Changing from peer-to-peer to server based environment
 
I am trying to help someone who has a small office with DSL.

He originally had his Verizon DSL with a Westell 6100 modem connected
to the uplink port on a Linksys WRT54GS wireless router. The four
workstations in the office would connect to the router either via
cabled or wireless connections. The router acted as the DHCP server.
All workstations had connections to the internet through the DSL line,
but there was periodic trouble with machines seeing each other.

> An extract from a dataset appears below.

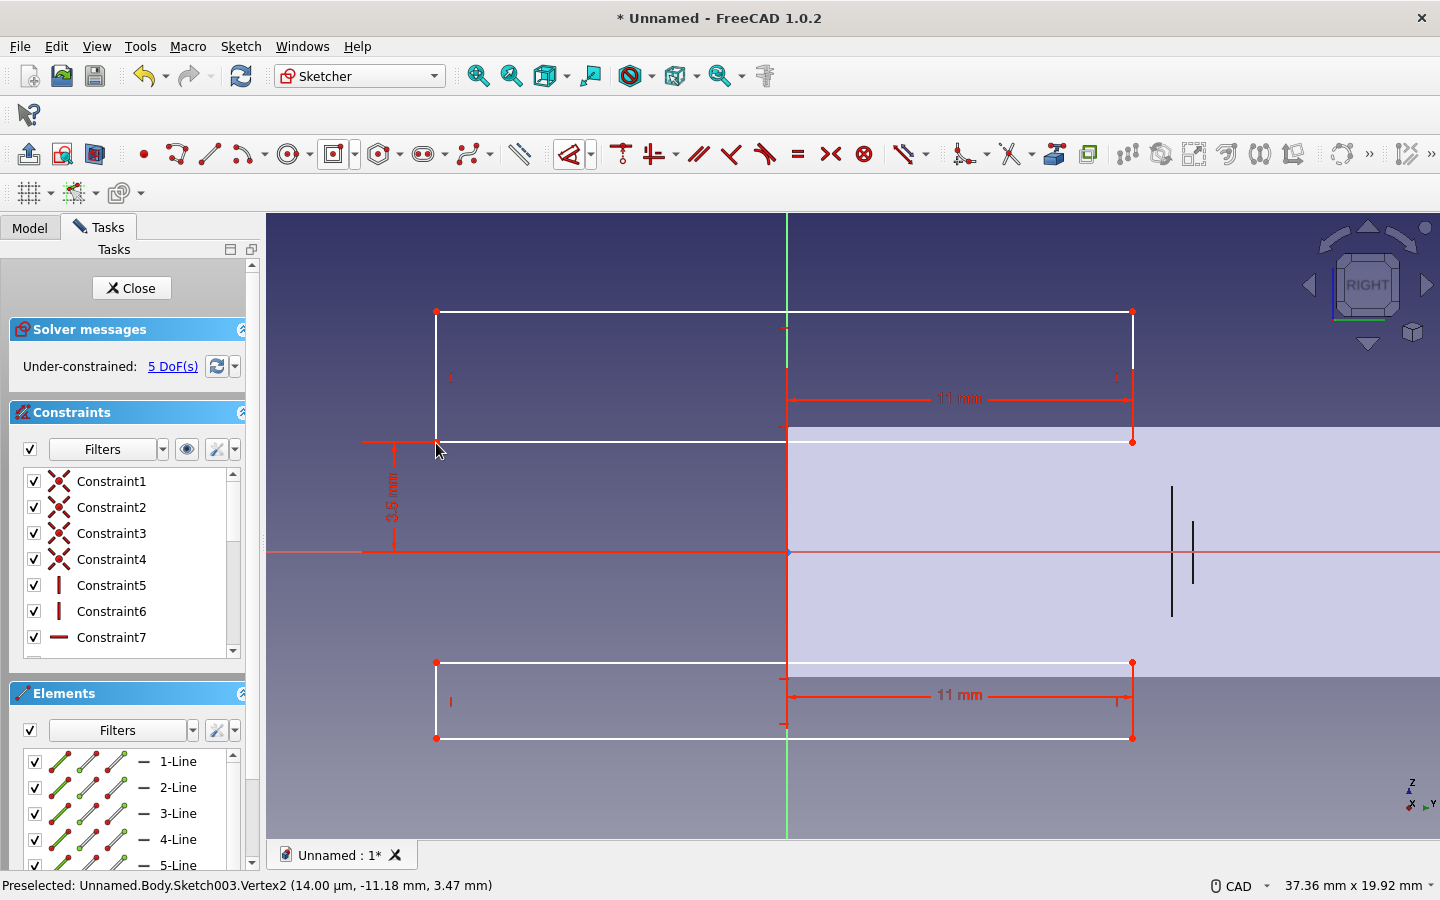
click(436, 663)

He decided he wanted to add a server running MS Small Business 2003
server to the network. He wants the server to act as the DHCP server
and have all the workstations be able to access shared data and
programs from the server.


The server now has 2 network cards. I began by attaching the DSL modem

directly to one of the NICs in the server. I tried several IPs,
including the one that had previously been assigned to the wireless
router, but was not able to get a LAN connection. After speaking with
Verizon, they said the MAC address of the Linksys router was set in the

modem and the modem had to be connected through the router. Sure
enough if I did not change any IPs and connected the modem to the
uplink port in the router and connected the server to another router
port, I had connectivity. I went through all the configuration screens

to find where the MAC address was set or could be changed, but I could
not locate it. I reconnected the modem directly to the server and
continued to modify IPs until I got a connection, then attempted to
connect the server to the uplink port on the router, but even though I
had turned off the DHCP on the router that caused me to loose
connectivity.


In frustration, I reattached the DSL modem to the uplink port in the
router, disabled one of the NICs in the server, reset the router to
handle DHCP, and connected the server to the network as a peer device.
The workstations are able to log into the domain, but are having
trouble accessing network devices - such as the office printer.

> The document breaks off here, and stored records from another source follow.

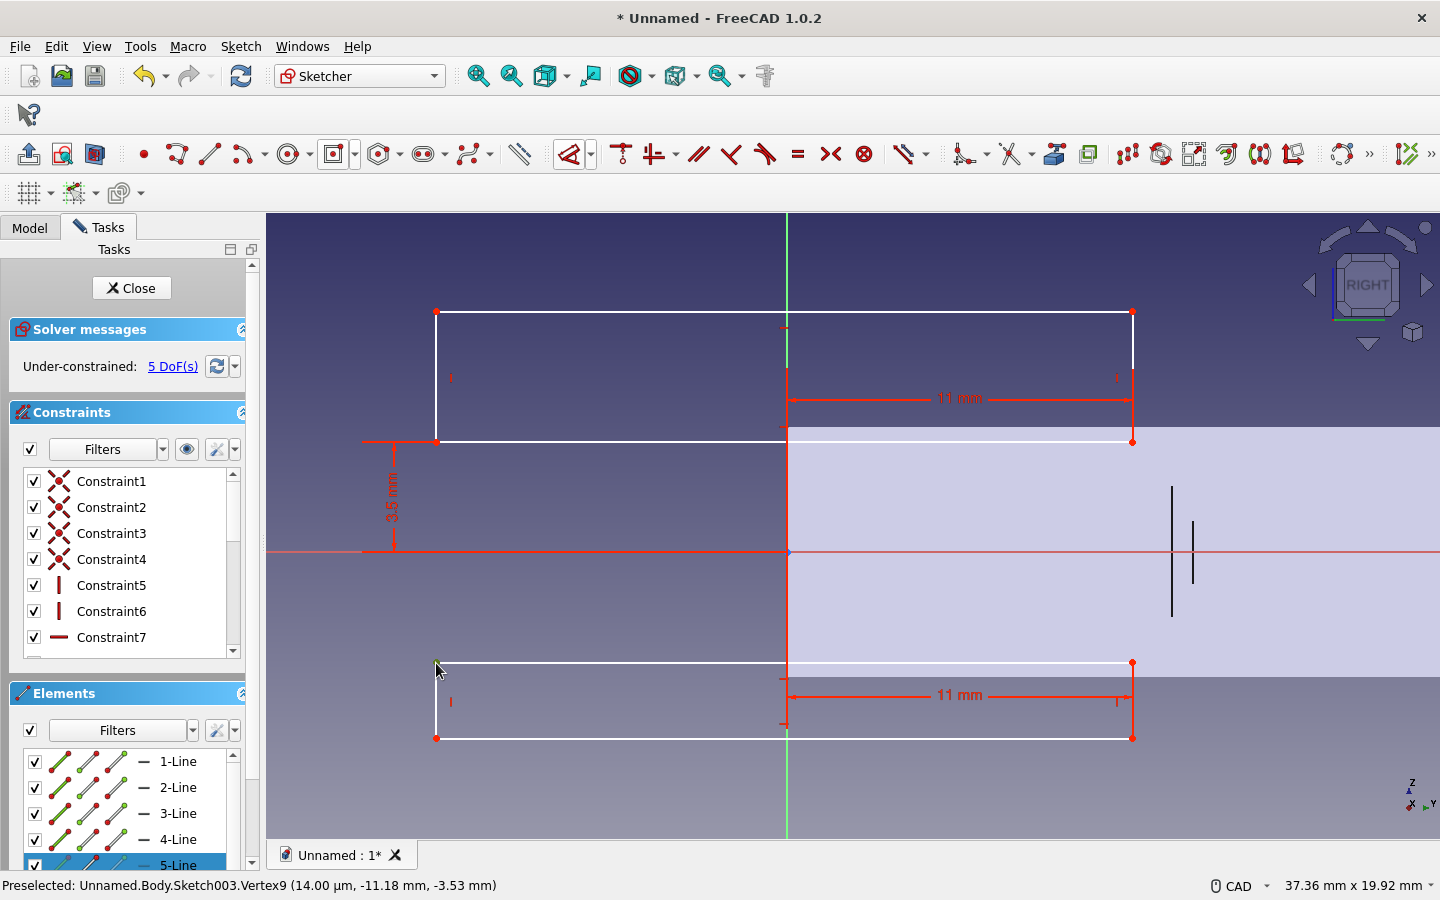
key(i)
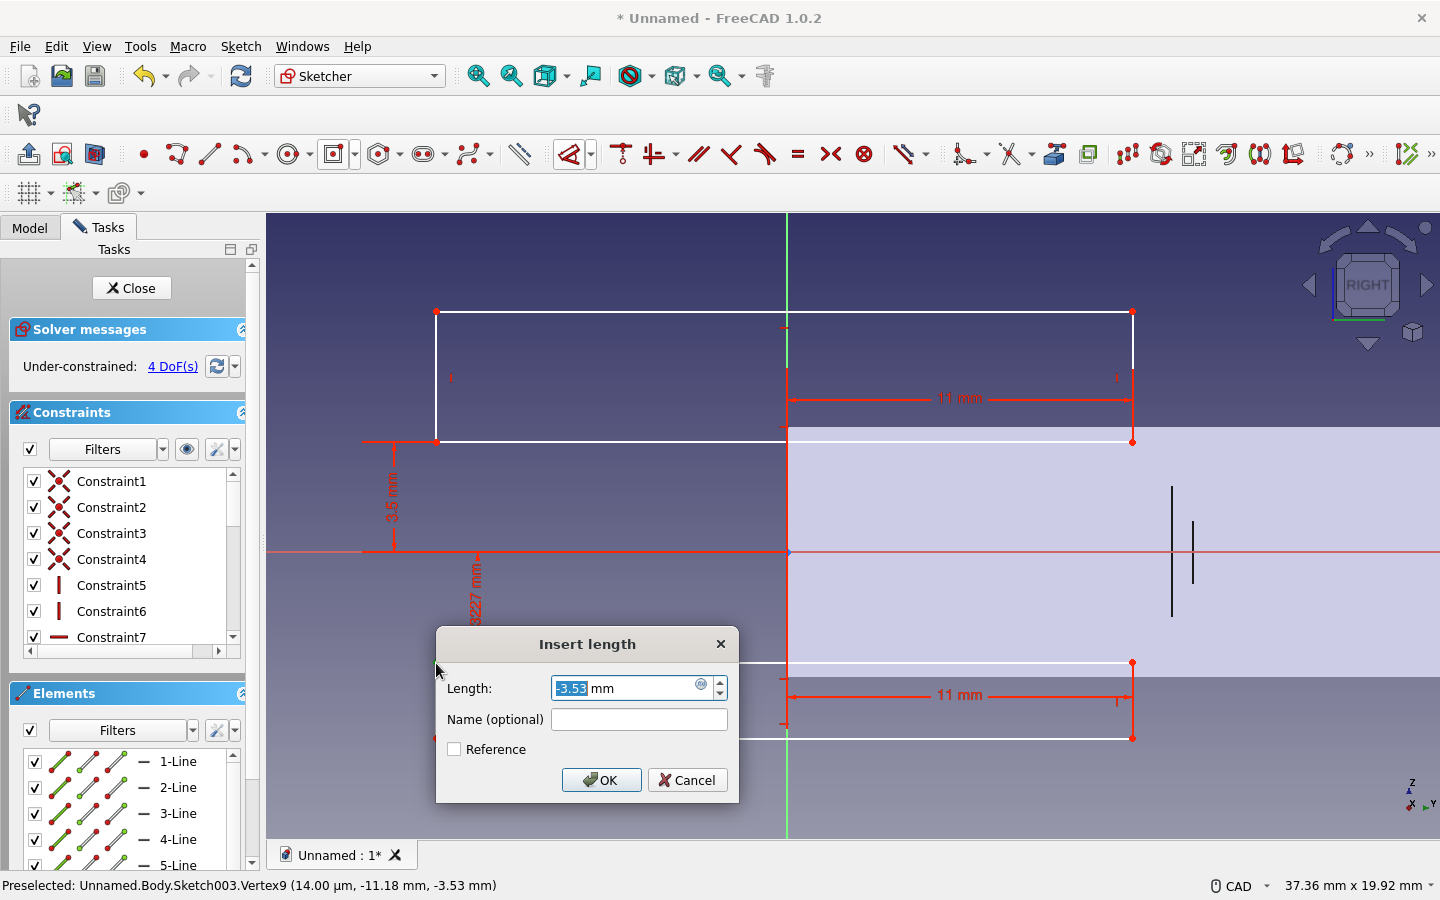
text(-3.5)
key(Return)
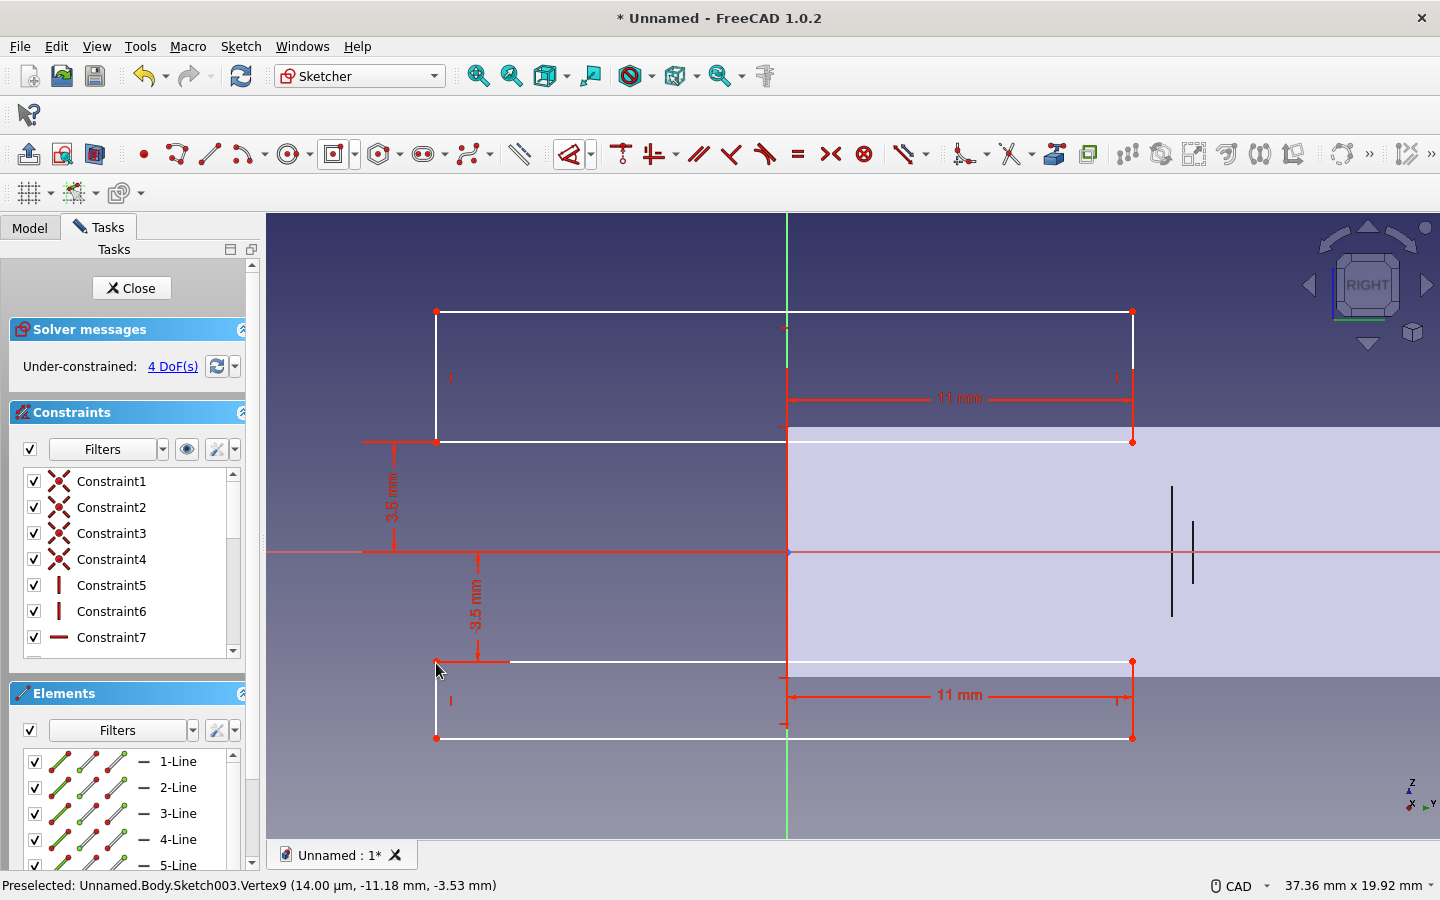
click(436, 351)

Is there a way to connect the DSL line to one of the NICs in the
server, connect the 2nd NIC in the server to wireless router and allow
the server to act as the DHCP server. The router should simply act as
a hub that allows wireless connectivity to the workstations.


What configuration settings do I need to check on the modem? router?
server? The router seems to be causing some type of conflict that I
have not been able to narrow down.


Lanwench [MVP - Exchange] 11-09-2006 02:49 PM

Re: Changing from peer-to-peer to server based environment
 
In news:1163008715.397318.48190@e3g2000cwe.googlegrou ps.com,
JRC <abachman@itwizardry.com> typed:
> I am trying to help someone who has a small office with DSL.
>
> He originally had his Verizon DSL with a Westell 6100 modem connected
> to the uplink port on a Linksys WRT54GS wireless router. The four
> workstations in the office would connect to the router either via
> cabled or wireless connections. The router acted as the DHCP server.
> All workstations had connections to the internet through the DSL line,
> but there was periodic trouble with machines seeing each other.
>
>
> He decided he wanted to add a server running MS Small Business 2003
> server to the network. He wants the server to act as the DHCP server
> and have all the workstations be able to access shared data and
> programs from the server.


Data = yes. Programs = depends what he means.

This post really belongs in microsoft.public.windows.server.sbs - that's
the best group for SBS2003 questions (especially since this isn't really a
wireless networking issue).

Note that SBS does things its own way, and you *must* set it up properly
according to all its various wizards & to-do list, or you will end up with a
mess.
>
>
> The server now has 2 network cards.


Are you using SBS Standard, or Premium? If you have Premium you can use ISA
(and you need two NICs for that). If you're not using Premium, I suggest you
get a good hardware firewall appliance & place it between the DSL modem and
your network....and I personally don't like using two NICs on a DC, although
some SBS people do.

> I began by attaching the DSL
> modem
>
> directly to one of the NICs in the server.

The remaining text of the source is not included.